# 522 Available for Existing Customers Feb. 1, 2005?



## BuckeyeChris (Apr 20, 2004)

According to this poster on DSLReports.com  who claims to be a CSR for Dish, he states that:

...the 522 should be available to existing customers, come feb 1st(or thereafter). But it is coming for existing customers. Jan 31 is when all of the existing customer promotions ends right now. ...​


----------



## Bill R (Dec 20, 2002)

That rumor has been floating around for a while (with different dates). I would just wait until you hear it DIRECTLY from DISH before you get your hopes up.


----------



## boba (May 23, 2003)

Bill R said:


> That rumor has been floating around for a while (with different dates). I would just wait until you hear it DIRECTLY from DISH before you get your hopes up.
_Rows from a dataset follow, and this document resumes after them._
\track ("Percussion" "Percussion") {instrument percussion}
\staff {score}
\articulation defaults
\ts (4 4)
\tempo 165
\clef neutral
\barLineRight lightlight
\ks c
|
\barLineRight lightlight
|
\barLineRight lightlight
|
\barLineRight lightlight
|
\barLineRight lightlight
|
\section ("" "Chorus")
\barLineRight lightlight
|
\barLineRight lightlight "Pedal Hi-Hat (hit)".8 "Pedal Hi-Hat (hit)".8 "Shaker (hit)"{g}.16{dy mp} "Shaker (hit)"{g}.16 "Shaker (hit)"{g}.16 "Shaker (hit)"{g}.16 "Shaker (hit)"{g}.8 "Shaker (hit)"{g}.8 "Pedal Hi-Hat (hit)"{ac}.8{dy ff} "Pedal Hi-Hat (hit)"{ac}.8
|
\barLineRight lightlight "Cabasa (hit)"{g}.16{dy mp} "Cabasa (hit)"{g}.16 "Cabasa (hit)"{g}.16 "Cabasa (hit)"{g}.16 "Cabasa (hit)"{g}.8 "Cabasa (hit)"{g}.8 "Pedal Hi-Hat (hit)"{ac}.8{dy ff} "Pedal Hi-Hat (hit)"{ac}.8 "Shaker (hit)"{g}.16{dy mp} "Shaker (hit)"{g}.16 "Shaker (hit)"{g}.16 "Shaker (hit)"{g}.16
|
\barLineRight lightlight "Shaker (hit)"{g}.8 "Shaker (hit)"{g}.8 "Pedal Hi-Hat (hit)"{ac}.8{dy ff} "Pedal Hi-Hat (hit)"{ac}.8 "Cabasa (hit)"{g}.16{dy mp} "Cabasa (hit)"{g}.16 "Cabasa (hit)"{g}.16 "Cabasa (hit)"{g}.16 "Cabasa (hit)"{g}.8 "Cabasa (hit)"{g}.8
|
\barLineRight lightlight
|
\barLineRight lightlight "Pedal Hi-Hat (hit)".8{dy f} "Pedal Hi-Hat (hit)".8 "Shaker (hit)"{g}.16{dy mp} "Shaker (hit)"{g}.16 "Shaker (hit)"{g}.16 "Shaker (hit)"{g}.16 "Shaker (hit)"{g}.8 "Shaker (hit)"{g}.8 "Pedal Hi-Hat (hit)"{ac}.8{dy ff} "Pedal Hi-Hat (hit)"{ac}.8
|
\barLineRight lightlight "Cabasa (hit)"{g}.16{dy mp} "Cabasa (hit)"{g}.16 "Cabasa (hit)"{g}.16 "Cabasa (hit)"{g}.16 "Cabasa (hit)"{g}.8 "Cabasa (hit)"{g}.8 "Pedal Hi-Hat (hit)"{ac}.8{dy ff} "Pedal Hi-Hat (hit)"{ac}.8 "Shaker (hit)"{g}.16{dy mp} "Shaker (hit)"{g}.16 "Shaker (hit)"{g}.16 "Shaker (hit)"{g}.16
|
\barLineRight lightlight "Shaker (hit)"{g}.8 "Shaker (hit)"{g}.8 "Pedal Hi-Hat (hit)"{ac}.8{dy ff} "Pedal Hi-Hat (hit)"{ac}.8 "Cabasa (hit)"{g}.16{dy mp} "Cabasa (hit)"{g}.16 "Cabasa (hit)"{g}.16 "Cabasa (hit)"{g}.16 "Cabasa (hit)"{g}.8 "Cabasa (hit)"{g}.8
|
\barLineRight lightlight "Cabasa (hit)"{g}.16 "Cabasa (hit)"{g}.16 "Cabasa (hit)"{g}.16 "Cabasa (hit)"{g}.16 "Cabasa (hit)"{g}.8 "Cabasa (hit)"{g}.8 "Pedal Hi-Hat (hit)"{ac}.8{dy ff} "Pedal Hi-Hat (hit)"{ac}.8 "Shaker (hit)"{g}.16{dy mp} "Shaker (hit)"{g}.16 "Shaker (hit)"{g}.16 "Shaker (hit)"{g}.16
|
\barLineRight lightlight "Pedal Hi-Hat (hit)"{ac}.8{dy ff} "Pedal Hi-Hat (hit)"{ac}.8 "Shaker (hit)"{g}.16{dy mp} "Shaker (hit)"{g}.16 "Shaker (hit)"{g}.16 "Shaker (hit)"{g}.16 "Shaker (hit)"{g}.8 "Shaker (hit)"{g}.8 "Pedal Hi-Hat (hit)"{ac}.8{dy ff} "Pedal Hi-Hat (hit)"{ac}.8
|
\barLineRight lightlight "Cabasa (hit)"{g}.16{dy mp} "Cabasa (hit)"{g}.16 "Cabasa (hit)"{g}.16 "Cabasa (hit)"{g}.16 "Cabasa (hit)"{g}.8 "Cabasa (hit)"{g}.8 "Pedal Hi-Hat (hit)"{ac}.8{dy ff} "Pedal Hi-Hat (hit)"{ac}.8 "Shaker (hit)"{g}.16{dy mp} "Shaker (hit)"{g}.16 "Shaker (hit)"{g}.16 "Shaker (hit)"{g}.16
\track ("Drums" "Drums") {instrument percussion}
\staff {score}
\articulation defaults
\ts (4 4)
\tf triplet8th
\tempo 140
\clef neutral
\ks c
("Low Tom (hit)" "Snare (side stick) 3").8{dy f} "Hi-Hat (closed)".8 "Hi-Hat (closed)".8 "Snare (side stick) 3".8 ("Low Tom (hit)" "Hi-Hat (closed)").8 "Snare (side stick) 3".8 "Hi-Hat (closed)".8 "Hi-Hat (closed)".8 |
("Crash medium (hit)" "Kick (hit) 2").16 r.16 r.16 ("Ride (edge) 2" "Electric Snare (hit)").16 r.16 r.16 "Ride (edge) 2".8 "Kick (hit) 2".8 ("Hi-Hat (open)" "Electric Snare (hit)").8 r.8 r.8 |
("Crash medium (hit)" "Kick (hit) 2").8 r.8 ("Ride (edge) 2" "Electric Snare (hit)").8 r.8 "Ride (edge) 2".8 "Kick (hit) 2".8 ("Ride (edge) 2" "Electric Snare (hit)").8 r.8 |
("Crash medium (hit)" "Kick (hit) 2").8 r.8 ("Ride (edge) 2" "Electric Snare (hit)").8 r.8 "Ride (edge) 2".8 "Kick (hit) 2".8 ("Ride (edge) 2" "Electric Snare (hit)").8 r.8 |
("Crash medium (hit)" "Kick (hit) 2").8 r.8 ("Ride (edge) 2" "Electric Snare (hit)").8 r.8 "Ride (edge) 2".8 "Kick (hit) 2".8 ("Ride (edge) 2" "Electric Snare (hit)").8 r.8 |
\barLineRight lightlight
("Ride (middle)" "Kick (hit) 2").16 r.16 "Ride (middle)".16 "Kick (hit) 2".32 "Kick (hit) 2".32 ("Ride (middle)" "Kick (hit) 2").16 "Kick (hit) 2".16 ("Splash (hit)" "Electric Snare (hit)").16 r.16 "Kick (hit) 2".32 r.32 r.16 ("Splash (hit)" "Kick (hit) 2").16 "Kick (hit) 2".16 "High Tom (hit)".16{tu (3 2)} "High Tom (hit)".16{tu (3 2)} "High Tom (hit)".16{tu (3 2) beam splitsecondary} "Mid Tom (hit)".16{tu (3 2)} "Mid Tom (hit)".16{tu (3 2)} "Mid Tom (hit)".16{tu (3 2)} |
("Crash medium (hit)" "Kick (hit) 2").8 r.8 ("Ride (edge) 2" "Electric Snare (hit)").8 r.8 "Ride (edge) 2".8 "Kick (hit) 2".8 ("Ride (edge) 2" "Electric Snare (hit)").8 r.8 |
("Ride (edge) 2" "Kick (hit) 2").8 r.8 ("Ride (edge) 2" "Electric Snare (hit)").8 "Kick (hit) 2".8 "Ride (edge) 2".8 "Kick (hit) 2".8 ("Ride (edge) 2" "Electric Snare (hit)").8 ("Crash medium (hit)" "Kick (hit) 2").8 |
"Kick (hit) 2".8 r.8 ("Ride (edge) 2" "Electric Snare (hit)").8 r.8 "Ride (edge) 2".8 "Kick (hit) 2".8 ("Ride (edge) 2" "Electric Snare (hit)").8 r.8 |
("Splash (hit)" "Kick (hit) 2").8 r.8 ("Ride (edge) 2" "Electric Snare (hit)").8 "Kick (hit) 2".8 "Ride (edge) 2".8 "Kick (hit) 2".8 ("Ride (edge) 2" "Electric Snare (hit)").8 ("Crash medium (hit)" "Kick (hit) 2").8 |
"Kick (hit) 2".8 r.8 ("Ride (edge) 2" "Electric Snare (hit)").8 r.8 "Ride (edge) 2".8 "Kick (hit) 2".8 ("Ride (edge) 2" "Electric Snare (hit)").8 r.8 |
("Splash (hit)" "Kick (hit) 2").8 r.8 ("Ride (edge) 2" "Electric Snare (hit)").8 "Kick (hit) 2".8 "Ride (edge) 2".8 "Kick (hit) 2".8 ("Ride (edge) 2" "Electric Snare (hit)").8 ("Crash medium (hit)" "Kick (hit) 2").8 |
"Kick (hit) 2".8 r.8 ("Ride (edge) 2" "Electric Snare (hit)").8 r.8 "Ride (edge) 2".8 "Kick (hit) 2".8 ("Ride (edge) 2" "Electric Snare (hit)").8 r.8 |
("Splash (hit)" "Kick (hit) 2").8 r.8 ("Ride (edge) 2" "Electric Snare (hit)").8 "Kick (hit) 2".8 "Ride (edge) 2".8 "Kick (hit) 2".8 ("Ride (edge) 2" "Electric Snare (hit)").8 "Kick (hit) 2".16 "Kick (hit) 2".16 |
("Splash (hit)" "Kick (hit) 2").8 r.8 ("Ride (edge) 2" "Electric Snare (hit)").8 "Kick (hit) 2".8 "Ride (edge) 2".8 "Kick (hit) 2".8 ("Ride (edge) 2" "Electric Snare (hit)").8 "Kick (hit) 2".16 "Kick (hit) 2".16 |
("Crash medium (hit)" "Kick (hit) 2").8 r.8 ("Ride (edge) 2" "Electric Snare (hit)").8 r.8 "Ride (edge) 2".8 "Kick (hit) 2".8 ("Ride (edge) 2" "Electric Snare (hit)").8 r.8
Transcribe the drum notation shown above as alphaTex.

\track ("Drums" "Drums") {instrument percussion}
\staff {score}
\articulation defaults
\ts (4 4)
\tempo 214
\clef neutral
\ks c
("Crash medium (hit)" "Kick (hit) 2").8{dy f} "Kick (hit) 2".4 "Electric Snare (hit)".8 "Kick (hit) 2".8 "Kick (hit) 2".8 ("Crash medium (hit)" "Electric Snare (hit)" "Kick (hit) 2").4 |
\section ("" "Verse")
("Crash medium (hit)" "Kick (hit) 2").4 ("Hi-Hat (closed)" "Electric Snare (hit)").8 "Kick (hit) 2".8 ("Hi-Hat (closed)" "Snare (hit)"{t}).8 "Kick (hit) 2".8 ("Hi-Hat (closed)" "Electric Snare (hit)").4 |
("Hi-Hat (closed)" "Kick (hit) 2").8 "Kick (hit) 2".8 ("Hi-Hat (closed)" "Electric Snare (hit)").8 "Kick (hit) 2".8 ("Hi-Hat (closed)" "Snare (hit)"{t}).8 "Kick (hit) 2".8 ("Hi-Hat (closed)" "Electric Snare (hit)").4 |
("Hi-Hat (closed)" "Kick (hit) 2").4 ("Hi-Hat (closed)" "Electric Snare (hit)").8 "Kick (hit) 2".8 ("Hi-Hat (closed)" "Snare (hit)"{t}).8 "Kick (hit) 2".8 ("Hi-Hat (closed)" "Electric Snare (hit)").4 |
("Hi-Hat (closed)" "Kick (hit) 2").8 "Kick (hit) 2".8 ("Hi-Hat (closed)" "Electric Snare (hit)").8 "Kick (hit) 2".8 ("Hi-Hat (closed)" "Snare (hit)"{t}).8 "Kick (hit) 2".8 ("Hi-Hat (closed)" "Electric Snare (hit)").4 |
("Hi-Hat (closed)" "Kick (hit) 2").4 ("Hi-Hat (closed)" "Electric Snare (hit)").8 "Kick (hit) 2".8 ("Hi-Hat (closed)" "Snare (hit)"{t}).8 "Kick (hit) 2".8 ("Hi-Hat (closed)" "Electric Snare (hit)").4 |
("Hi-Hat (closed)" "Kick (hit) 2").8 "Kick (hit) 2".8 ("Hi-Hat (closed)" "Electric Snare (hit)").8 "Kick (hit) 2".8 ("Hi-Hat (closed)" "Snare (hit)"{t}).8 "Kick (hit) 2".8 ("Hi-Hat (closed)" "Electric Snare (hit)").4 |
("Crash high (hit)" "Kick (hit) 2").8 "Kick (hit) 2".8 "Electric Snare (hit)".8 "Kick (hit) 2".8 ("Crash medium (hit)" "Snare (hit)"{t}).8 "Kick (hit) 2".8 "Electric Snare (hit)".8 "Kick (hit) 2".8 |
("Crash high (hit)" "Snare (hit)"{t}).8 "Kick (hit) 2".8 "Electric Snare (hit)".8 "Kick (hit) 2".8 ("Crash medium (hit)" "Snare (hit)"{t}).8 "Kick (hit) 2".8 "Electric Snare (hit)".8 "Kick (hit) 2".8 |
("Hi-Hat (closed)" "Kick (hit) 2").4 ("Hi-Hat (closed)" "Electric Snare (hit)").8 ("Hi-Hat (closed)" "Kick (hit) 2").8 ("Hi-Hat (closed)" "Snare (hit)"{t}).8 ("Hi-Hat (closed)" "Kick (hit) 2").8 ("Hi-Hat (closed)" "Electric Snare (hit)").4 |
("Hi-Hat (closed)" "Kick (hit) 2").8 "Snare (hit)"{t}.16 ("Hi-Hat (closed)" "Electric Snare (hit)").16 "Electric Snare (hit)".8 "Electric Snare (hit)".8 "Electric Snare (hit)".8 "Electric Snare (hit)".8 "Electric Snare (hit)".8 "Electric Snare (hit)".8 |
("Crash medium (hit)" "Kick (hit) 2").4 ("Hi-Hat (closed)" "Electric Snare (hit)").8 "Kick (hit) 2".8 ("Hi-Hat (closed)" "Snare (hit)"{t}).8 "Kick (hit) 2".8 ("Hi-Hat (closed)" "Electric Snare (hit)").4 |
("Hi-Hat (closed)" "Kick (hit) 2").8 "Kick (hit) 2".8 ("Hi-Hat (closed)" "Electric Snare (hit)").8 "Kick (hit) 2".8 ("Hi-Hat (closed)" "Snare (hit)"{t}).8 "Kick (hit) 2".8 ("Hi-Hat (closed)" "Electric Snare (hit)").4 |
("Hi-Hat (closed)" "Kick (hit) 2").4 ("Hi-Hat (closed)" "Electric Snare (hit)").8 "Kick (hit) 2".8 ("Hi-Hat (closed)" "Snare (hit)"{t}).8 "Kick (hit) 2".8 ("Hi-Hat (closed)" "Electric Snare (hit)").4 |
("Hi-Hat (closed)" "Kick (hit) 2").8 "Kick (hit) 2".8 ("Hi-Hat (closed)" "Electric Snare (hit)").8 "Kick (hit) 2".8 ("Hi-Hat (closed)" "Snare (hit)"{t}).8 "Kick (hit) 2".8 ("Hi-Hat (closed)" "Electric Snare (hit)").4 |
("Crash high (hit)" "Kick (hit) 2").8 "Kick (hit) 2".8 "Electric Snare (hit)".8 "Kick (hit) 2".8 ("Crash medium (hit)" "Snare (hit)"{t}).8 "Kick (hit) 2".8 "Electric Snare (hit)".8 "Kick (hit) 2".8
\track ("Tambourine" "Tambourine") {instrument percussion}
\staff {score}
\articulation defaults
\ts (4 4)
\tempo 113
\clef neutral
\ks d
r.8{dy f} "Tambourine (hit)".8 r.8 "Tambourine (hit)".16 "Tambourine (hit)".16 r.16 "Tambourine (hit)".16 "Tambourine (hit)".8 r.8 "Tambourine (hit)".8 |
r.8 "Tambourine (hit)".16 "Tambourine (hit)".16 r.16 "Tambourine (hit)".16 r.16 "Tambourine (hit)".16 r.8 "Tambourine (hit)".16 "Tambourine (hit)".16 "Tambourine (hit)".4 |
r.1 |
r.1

Especially believing a CSR we all know about playing CSR roulette to get the "right" answer. :lol:


----------



## ClaudeR (Dec 7, 2003)

I have a solution to the rumors - IGNORE THEM. (Same goes for anything from Dish). How long have we heard statements like:

By next quarter it will be available.
The other guys make you pay for DVR.
Name Based Recording soon.

etc, etc.


----------



## Mike D-CO5 (Mar 12, 2003)

You know Claude I think your avatar should be Dishnetworks. It seems to symbolize their approach to satellite tv receivers ,when you consider all their great decisions they made this year alone.:sure:


----------



## Mike Richardson (Jun 12, 2003)

If existing subs could lease a 522 that would kick ass. I'd put it on my big TV in single user mode and move the 501 to the bedroom. I'd just need to get another drop to the 522... no wait, we already have 4 drops. They would have to give us a switch or something to get a 5th drop to the 522.


----------



## SimpleSimon (Jan 15, 2004)

Mike: If you've got a 2-bird DP34 and not a Quad LNBF, you can hack the fifth feed by hooking a DP21 to the cascade outputs of the DP34.

You can still do it if you have 3 birds on the DP34 as long as the fifth tuner doesn't need the third one. Note also that the x2x boxes will not work that way - only a single tuner box can use the fifth feed.


----------



## Bob Haller (Mar 24, 2002)

Mike Richardson said:


> If existing subs could lease a 522 that would kick ass. I'd put it on my big TV in single user mode and move the 501 to the bedroom. I'd just need to get another drop to the 522... no wait, we already have 4 drops. They would have to give us a switch or something to get a 5th drop to the 522.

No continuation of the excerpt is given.